Scientists have conducted tests to demonstrate a theoretical physics question first posed as a mere thought experiment decades ago.
Within the concept, two imaginary scientists are both deemed to be correct, despite arriving at totally different conclusions.
Demonstrating this in practice therefore calls into dispute fundamental questions about physics and suggests there is no such thing as objective reality.
The results were published on arXiv, a site for research that has yet to undergo full peer review, by a British team based at Heriot-Watt University.
They set out to explore “Wigner’s friend”, named after Nobel prize-winning physicist Eugene Wigner who came up with it 1961, which is based on the idea that a photon, or a particle of light, can exist in two possible states.

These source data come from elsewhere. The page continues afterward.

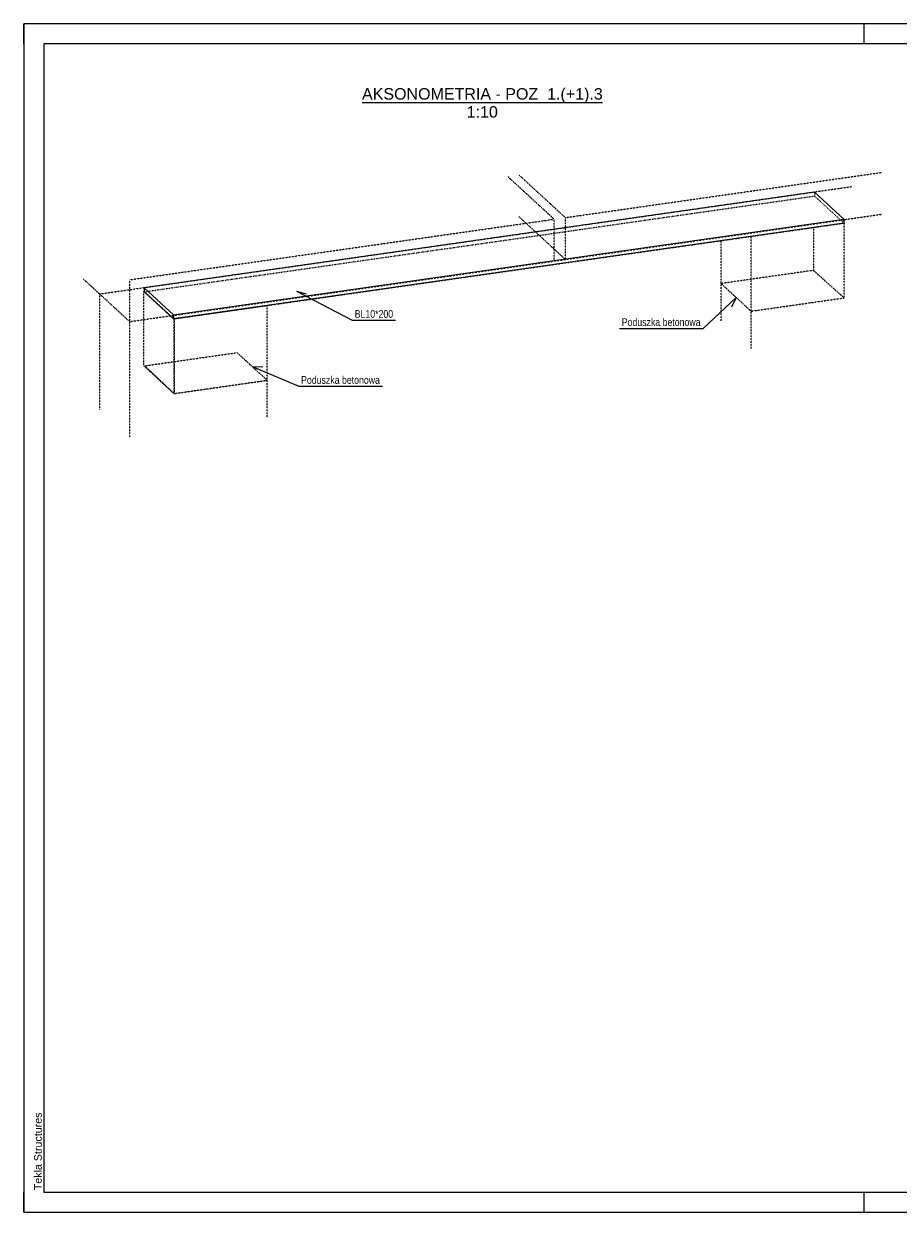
# Model space of a CAD drawing. Header units: millimetres. Extents: x 0 to 4200, y 0 to 2970.
# Tile 1 of 2: x 0 to 2185, y 0 to 2970. Entities that reach past the tile are written whole.
import ezdxf

# ---------------------------------------------------------------- set-up
doc = ezdxf.new("R2010")
doc.units = ezdxf.units.MM
doc.linetypes.add('DXK_LINE_DOT2', pattern=[3.9198, 1.9599, -1.9599])
doc.linetypes.add('DXK_LINE_DOT4', pattern=[0.9408, 0.4704, -0.4704])
doc.styles.add('Arial', font='ARIAL.TTF', dxfattribs={"height": 0.2})
doc.styles.add('Arial Narrow', font='ARIALN.TTF', dxfattribs={"height": 0.2})

# ---------------------------------------------------------------- blocks, each defined once
blk = doc.blocks.new('Unknown-2579675-1268')
at = {"color": 7, "linetype": 'Continuous'}
for p, q in [((4200, 2970), (0, 2970)), ((0, 2970), (0, 0)), ((0, 2920), (0, 2970)), ((50, 2970), (0, 2970)), ((2100, 2920), (2100, 2970)), ((4150, 2920), (50, 2920)), ((50, 2920), (50, 50)), ((0, 0), (0, 50)), ((50, 50), (4150, 50)), ((2100, 0), (2100, 50)), ((0, 0), (4200, 0))]:
    blk.add_line(p, q, dxfattribs=at)
at = {"color": 174, "linetype": 'Continuous', "style": 'Arial'}
blk.add_text('Tekla Structures', height=19.102, rotation=90, dxfattribs=at).set_placement((45, 55))
blk = doc.blocks.new('Unknown-2579675-11 - 1297')
at = {"color": 96, "linetype": 'Continuous'}
blk.add_line((845.3, 2773), (1446.3, 2773), dxfattribs=at)
at = {"color": 0, "linetype": 'Continuous'}
for points in [[(1446.3, 2780.5), (1446.3, 2810.5), (845.3, 2810.5), (845.3, 2780.5)], [(1184.7, 2735.5), (1184.7, 2765.5), (1106.9, 2765.5), (1106.9, 2735.5)]]:
    blk.add_wipeout(points, dxfattribs=at)
at = {"color": 7, "linetype": 'Continuous', "style": 'Arial'}
for s, height, p in [('AKSONOMETRIA - POZ_1.(+1).3', 28.652, (845.3, 2780.5)), ('1:10', 28.65, (1106.9, 2735.5))]:
    blk.add_text(s, height=height, dxfattribs=at).set_placement(p)
blk = doc.blocks.new('Part-2579675-2216 - 1297')
at = {"color": 4, "linetype": 'DXK_LINE_DOT4'}
for p, q in [((300.4, 2301.3), (301.3, 2301.4)), ((300.4, 2114.9), (300.4, 2301.3)), ((375.6, 2232.2), (300.4, 2301.3)), ((608.2, 2265.4), (375.6, 2232.2)), ((607.3, 2266.2), (608.2, 2265.4)), ((608.2, 2079), (608.2, 2265.4)), ((375.6, 2045.8), (375.6, 2232.2)), ((300.4, 2114.9), (375.6, 2045.8)), ((375.6, 2045.8), (608.2, 2079))]:
    blk.add_line(p, q, dxfattribs=at)
blk = doc.blocks.new('Part-2579675-2208 - 1297')
at = {"color": 5, "linetype": 'Continuous'}
for p, q in [((1976.1, 2548.9), (301.3, 2309.8)), ((2049.4, 2481.5), (1976.1, 2548.9)), ((374.6, 2242.4), (2049.4, 2481.5)), ((2049.4, 2472.1), (374.6, 2233)), ((2049.4, 2481.5), (2049.4, 2472.1)), ((301.3, 2309.8), (374.6, 2242.4)), ((301.3, 2309.8), (301.3, 2300.5)), ((301.3, 2300.5), (374.6, 2233)), ((374.6, 2242.4), (374.6, 2233))]:
    blk.add_line(p, q, dxfattribs=at)
at = {"color": 8, "linetype": 'DXK_LINE_DOT2'}
for p, q in [((301.3, 2300.5), (1976.1, 2539.6)), ((1976.1, 2548.9), (1976.1, 2539.6)), ((1976.1, 2539.6), (2049.4, 2472.1))]:
    blk.add_line(p, q, dxfattribs=at)
blk = doc.blocks.new('Part-2579675-2213 - 1297')
at = {"color": 6, "linetype": 'DXK_LINE_DOT4'}
for p, q in [((1237, 2592.7), (1353.4, 2485.6)), ((1353.4, 2485.6), (2143.4, 2598.4))]:
    blk.add_line(p, q, dxfattribs=at)
at = {"color": 4, "linetype": 'DXK_LINE_DOT4'}
for p, q in [((1353.4, 2381.1), (1237, 2488.2)), ((1353.4, 2381.1), (2143.4, 2493.9)), ((1353.4, 2485.6), (1353.4, 2381.1))]:
    blk.add_line(p, q, dxfattribs=at)
blk = doc.blocks.new('Part-2579675-2214 - 1297')
at = {"color": 6, "linetype": 'DXK_LINE_DOT4'}
for p, q in [((1325.5, 2481.6), (1209.1, 2588.7)), ((264.7, 2330.2), (1325.5, 2481.6)), ((148.2, 2332.8), (264.7, 2225.7)), ((264.7, 2225.7), (264.7, 2330.2))]:
    blk.add_line(p, q, dxfattribs=at)
at = {"color": 4, "linetype": 'DXK_LINE_DOT4'}
for p, q in [((1325.5, 2377.1), (1325.5, 2481.6)), ((264.7, 2225.7), (1325.5, 2377.1))]:
    blk.add_line(p, q, dxfattribs=at)
blk = doc.blocks.new('Part-2579675-2215 - 1297')
at = {"color": 4, "linetype": 'DXK_LINE_DOT4'}
for p, q in [((189.5, 2294.8), (2068.2, 2563)), ((2050.3, 2471.3), (375.5, 2232.2)), ((2049.4, 2472.1), (2050.3, 2471.3)), ((2050.3, 2284.9), (2050.3, 2471.3)), ((1973.3, 2461.3), (1973.3, 2353.7)), ((1325.5, 2377.1), (1353.4, 2381.1)), ((1973.3, 2353.7), (1742.6, 2320.8)), ((1973.3, 2353.7), (2050.3, 2284.9)), ((1742.6, 2227.6), (1742.6, 2320.8)), ((1742.6, 2320.8), (1817.7, 2251.7)), ((1817.7, 2251.7), (2050.3, 2284.9)), ((375.5, 2232.2), (375.5, 2045.8)), ((1817.7, 2158.5), (1817.7, 2251.7)), ((302.3, 2115.2), (533, 2148.1)), ((608.2, 2079), (533, 2148.1)), ((302.3, 2115.2), (375.5, 2045.8)), ((375.5, 2045.8), (608.2, 2079)), ((608.2, 1985.8), (608.2, 2079))]:
    blk.add_line(p, q, dxfattribs=at)
at = {"color": 6, "linetype": 'DXK_LINE_DOT4'}
for p, q in [((189.5, 2294.8), (189.5, 2005.9)), ((264.7, 1936.8), (264.7, 2225.7))]:
    blk.add_line(p, q, dxfattribs=at)
blk = doc.blocks.new('Part-2579675-2217 - 1297')
at = {"color": 4, "linetype": 'DXK_LINE_DOT4'}
for p, q in [((2050.3, 2471.3), (1817.7, 2438.1)), ((2049.4, 2472.1), (2050.3, 2471.3)), ((2050.3, 2284.9), (2050.3, 2471.3)), ((1817.7, 2438.1), (1816.8, 2438.9)), ((1817.7, 2251.7), (1817.7, 2438.1)), ((1742.6, 2320.8), (1742.6, 2428.3)), ((1742.6, 2320.8), (1817.7, 2251.7)), ((1817.7, 2251.7), (2050.3, 2284.9))]:
    blk.add_line(p, q, dxfattribs=at)
blk = doc.blocks.new('Mark-2579675-2218 - 1297')
at = {"color": 7, "linetype": 'Continuous'}
blk.add_line((681.5, 2301.9), (706, 2294.8), dxfattribs=at)
at = {"color": 0}
blk.add_wipeout([(923.2, 2235.3), (923.2, 2255.3), (827, 2255.3), (827, 2235.3)], dxfattribs=at)
blk.add_wipeout([(923.2, 2235.3), (923.2, 2255.3), (827, 2255.3), (827, 2235.3)], dxfattribs=at)
at = {"color": 7, "linetype": 'Continuous'}
for p, q in [((681.5, 2301.9), (821, 2229.3)), ((821, 2229.3), (929.2, 2229.3))]:
    blk.add_line(p, q, dxfattribs=at)
at = {"color": 7, "style": 'Arial Narrow'}
blk.add_text('BL10*200', height=19.09, dxfattribs=at).set_placement((827, 2235.3))
blk = doc.blocks.new('Mark-2579675-2270 - 1297')
at = {"color": 7, "linetype": 'Continuous'}
blk.add_line((1780.1, 2286.2), (1768.8, 2261.8), dxfattribs=at)
at = {"color": 0, "linetype": 'Continuous'}
blk.add_wipeout([(1691.8, 2214.8), (1691.8, 2234.8), (1494.4, 2234.8), (1494.4, 2214.8)], dxfattribs=at)
blk.add_wipeout([(1691.8, 2214.8), (1691.8, 2234.8), (1494.4, 2234.8), (1494.4, 2214.8)], dxfattribs=at)
at = {"color": 7, "linetype": 'Continuous'}
for p in [(1780.1, 2286.2), (1488.4, 2208.8)]:
    blk.add_line(p, (1697.8, 2208.8), dxfattribs=at)
at = {"color": 7, "linetype": 'Continuous', "style": 'Arial Narrow'}
blk.add_text('Poduszka betonowa', height=19.089, dxfattribs=at).set_placement((1494.4, 2214.8))
blk = doc.blocks.new('Mark-2579675-2287 - 1297')
at = {"color": 7, "linetype": 'Continuous'}
blk.add_line((570.6, 2113.6), (597.5, 2113), dxfattribs=at)
at = {"color": 0, "linetype": 'Continuous'}
blk.add_wipeout([(890.4, 2070.3), (890.4, 2090.3), (693.1, 2090.3), (693.1, 2070.3)], dxfattribs=at)
blk.add_wipeout([(890.4, 2070.3), (890.4, 2090.3), (693.1, 2090.3), (693.1, 2070.3)], dxfattribs=at)
at = {"color": 7, "linetype": 'Continuous'}
for p, q in [((570.6, 2113.6), (687.1, 2064.3)), ((687.1, 2064.3), (896.4, 2064.3))]:
    blk.add_line(p, q, dxfattribs=at)
at = {"color": 7, "linetype": 'Continuous', "style": 'Arial Narrow'}
blk.add_text('Poduszka betonowa', height=19.089, dxfattribs=at).set_placement((693.1, 2070.3))

msp = doc.modelspace()

# ---------------------------------------------------------------- block references
for name in ['Unknown-2579675-1268', 'Part-2579675-2214 - 1297', 'Part-2579675-2213 - 1297', 'Part-2579675-2215 - 1297', 'Part-2579675-2208 - 1297', 'Part-2579675-2217 - 1297', 'Part-2579675-2216 - 1297']:
    msp.add_blockref(name, (0, 0))

# ---------------------------------------------------------------- next in the draw order: block references
for name in ['Unknown-2579675-11 - 1297', 'Mark-2579675-2218 - 1297', 'Mark-2579675-2270 - 1297', 'Mark-2579675-2287 - 1297']:
    msp.add_blockref(name, (0, 0))

doc.saveas('drawing.dxf')

According to the laws of quantum mechanics, this “superposition” means the photon’s polarisation – or the axis upon which it spins – is both vertical and horizontal at the same time.
However, once one scientist in an isolated laboratory measures the photon, they find the photon’s polarisation is fixed at either vertical or horizontal.
At the same time, for someone who is outside the laboratory and is not aware of the result, the unmeasured photon is still in a state of superposition.
Despite these apparently conflicting realities, both are correct.
In their new study, the physicists were able to bring this experiment into reality, using real photons and measuring equipment that stood in for Wigner and his “friend”.
With their results, they were able to confirm the two realities described by Wigner held true.
“You can verify both of them,” study co-author Dr Martin Ringbauer told Live Science, explaining how this bewildering concept could make the leap from theory to reality.
“Theoretical advances were needed to formulate the problem in a way that is testable,” he said.
“Then, the experimental side needed developments on the control of quantum systems to implement something like that.”
While the experiment and its results may seem a world – or even a universe – away from everyday life, it raises profound and unsettling questions for physicists about the nature of reality.
“The scientific method relies on facts, established through repeated measurements and agreed upon universally, independently of who observed them,” the team wrote in their paper.
The role of quantum mechanics is to describe the world at such a small scale that the conventional rules of physics do not apply. If measurements from this field cannot be considered absolute, it could change how the discipline operates.
“It seems that, in contrast to classical physics, measurement results cannot be considered absolute truth but must be understood relative to the observer who performed the measurement,” said Dr Ringbauer.
“The stories we tell about quantum mechanics have to adapt to that.”